Personal information
- Nickname: "T-Rex"
- Born: 29 November 1972 (age 53) Melbourne, Australia

Darts information
- Playing darts since: 1992
- Darts: 24g Puma Shot!
- Laterality: Left-handed
- Walk-on music: "Walk the Dinosaur" by Was (Not Was)

Organisation (see split in darts)
- PDC: 2008–2018

PDC premier events – best performances
- World Championship: Last 64: 2015

Other tournament wins
| Australian Masters | 2016 |
| Ettamogah Harrows Australian Grand Prix | 2015 |
| Harrows Australian GP | 2015 |
| Mittagong RSL Open | 2014 |
| Oceanic Masters | 2014 |
| Southern Illawarra Open | 2014 |
| Victorian Easter Open | 2011 |
| Warilla Bowls Club Open | 2014, 2015 |

= John Weber (darts player) =

Australian darts player

John Weber (born 29 November 1972) is an Australian former professional darts player.

==Career==
In 2011, Weber won his first title by claiming the Victorian Easter Open with a 7–2 victory over Jamie Browne in the final. In 2014 he began playing more in Australian Grand Prix Tour events, winning the Mittagong RSL Open 1, Southern Illawarra Open 1 and Warilla Bowls Club Open. Weber qualified for the Sydney Darts Masters and lost 6–1 to Stephen Bunting in the first round. He took the first five legs against Rob Szabo in the final of the Oceanic Masters and won 8–2. The title earned him a place in the first round of the 2015 World Championship, where he lost 3–1 against Terry Jenkins in the first round.
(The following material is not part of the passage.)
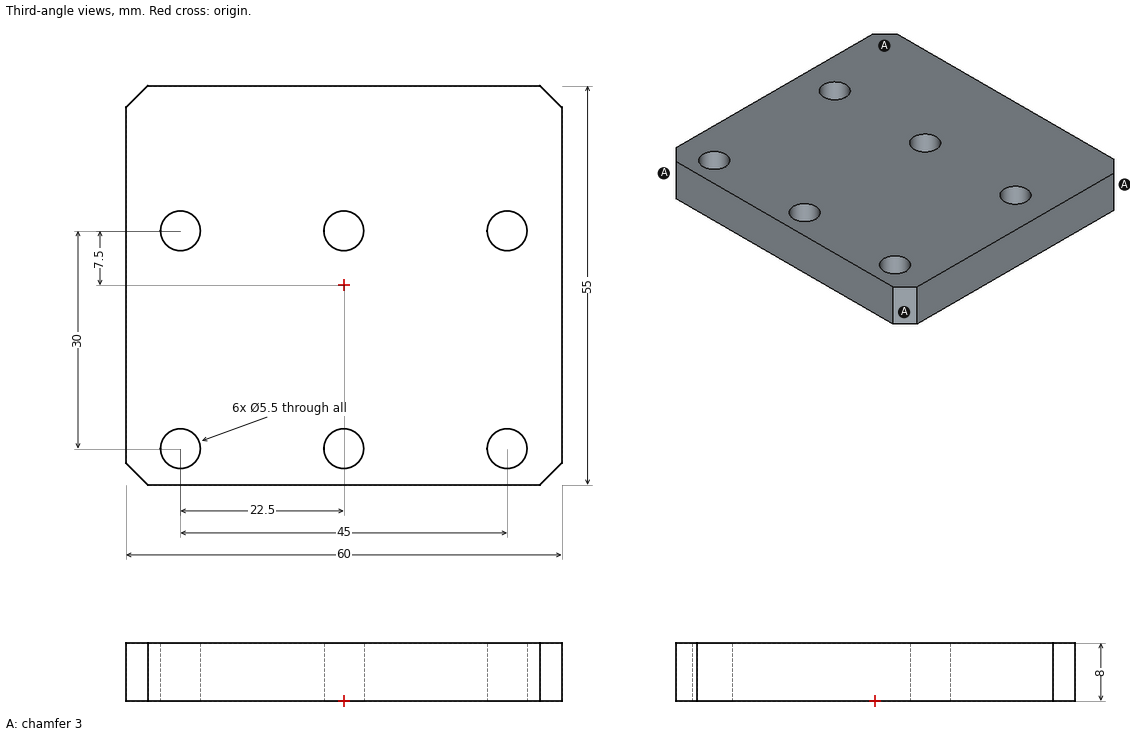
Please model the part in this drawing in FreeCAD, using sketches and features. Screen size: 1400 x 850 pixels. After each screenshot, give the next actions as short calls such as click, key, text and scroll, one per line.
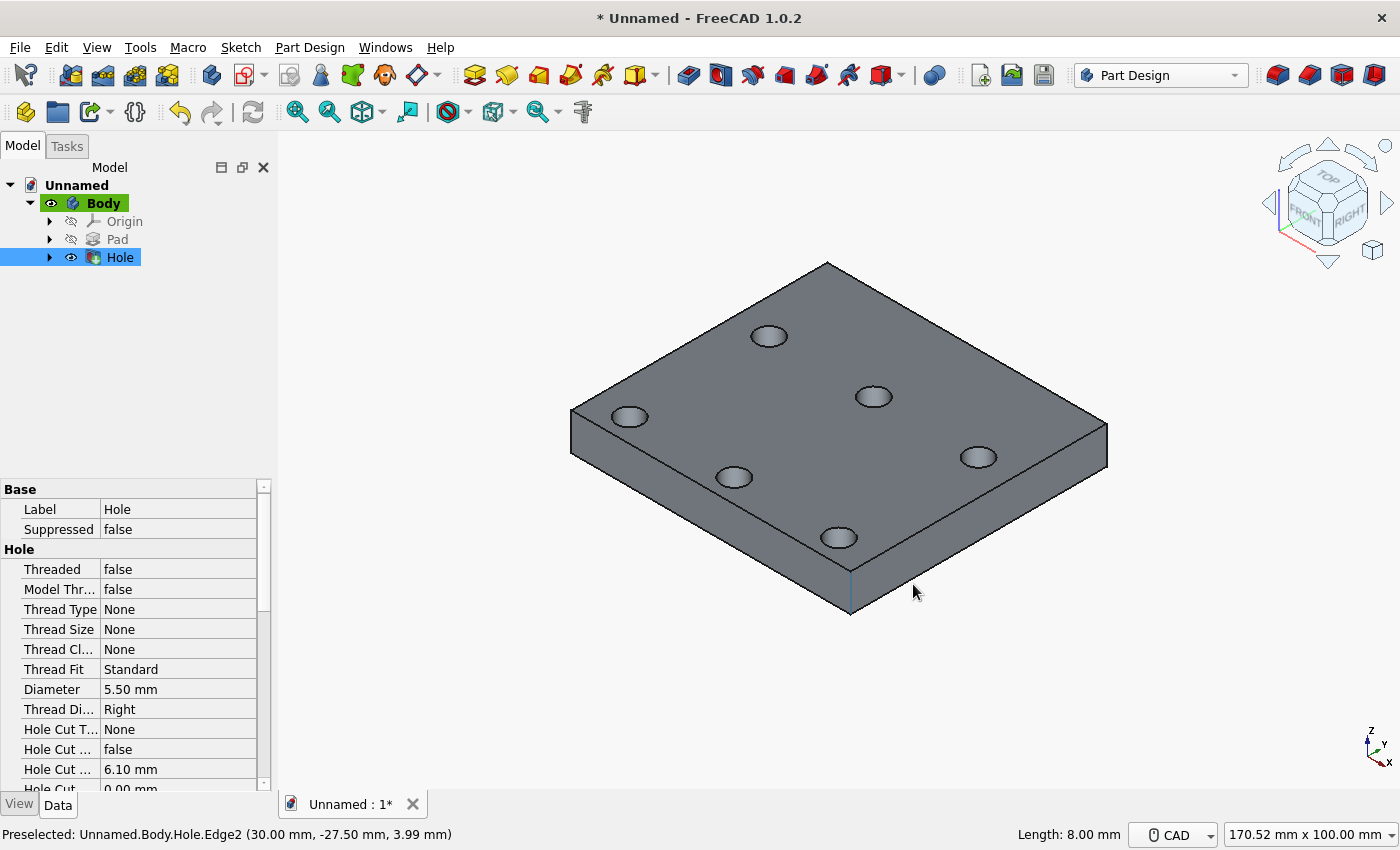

Weber won three times on the 2015 Australian Grand Prix Pro Tour, as well as losing in five finals to finish second on the Order of Merit. In 2016 he was defeated 6–5 in the final of the Chester Hill Open by Corey Cadby and won the Australian Masters by beating James Bailey.

Weber his playing for the World Inclusio ParaDarts since August 2026.